RETIRED: Real-time systems modeling and schedulability analysis
This package aimed to provide useful tools for writing schedulability studies with Julia. It provided basic functionality for schedulability testing, response time analysis, schedule simulation, and schedule plotting. It was inspired by SchedCAT by Björn Brandenburg, but was not a direct port since Julia isn't Python. 😉
Programming in 2026 is among the more depressing exercises one could subject oneself to. Gone is the craft I fell in love with in my youth, replaced with stochastic "agents" that lack true agency, trained on stolen works produced by that craft. Gone, too, are career hopes for promising young developers, after years of mass layoffs have saturated the job market with seekers for far too few openings. Gone, too, is the semblance of a community that the FOSS world once provided, as too many projects become vassals to a few megacorporation lords that write their code for them.

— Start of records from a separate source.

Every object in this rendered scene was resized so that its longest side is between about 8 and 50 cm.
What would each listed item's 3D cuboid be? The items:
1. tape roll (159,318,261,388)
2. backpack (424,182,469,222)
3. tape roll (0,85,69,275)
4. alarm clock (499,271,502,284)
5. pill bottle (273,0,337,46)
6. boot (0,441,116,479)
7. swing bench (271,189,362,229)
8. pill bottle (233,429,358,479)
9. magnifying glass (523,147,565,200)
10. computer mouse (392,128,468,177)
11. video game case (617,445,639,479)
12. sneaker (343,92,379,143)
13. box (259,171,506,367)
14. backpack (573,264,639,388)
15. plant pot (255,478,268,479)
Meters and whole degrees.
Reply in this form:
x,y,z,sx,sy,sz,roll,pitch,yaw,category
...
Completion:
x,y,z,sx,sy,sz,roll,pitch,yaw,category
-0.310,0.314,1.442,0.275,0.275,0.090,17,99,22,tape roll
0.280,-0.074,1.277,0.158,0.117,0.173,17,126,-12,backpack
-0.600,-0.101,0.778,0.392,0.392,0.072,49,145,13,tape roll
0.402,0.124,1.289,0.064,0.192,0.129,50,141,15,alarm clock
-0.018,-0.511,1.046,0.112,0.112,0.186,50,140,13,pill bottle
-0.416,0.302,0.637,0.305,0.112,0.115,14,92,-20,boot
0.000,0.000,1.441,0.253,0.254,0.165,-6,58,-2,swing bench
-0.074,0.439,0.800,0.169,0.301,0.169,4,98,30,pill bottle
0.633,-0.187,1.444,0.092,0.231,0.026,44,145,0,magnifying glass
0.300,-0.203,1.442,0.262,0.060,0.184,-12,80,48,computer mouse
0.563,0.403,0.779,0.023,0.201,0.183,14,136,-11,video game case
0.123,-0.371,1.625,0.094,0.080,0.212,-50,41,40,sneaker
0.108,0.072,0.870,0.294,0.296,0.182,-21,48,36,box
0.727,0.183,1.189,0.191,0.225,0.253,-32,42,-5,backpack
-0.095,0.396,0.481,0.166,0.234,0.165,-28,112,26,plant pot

I no longer have any skin in the real-time game, having been forced out of academia last year by a bad actor who nobody in a position to do so wishes to hold to account. As such, this package will no longer see any updates, and can be considered deprecated, or retired, to use a friendlier word.
It saddens me greatly to see that the Julia language itself has begun to include LLM-generated code. It was a language that I truly enjoyed writing, but I see the same must not be true for everyone involved. Absent a human- crafted fork, I consider the language itself deprecated, or retired, as well.
I don't know what I'll do with myself. On the more nihilistic end, I am seriously considering becoming a trucker, and using computers as little as I can get away with in my personal life. If I had the resources to, which I really don't, I might consider becoming a lawyer to provide pro bono services to people beaten down by the forces of corruption. Keeping those capable out of such work must surely be a goal of the corrupt. But regardless, I need somehow to make a living for myself and my partner, and talking to computers all day doesn't seem to do that anymore, even for someone with a master's degree.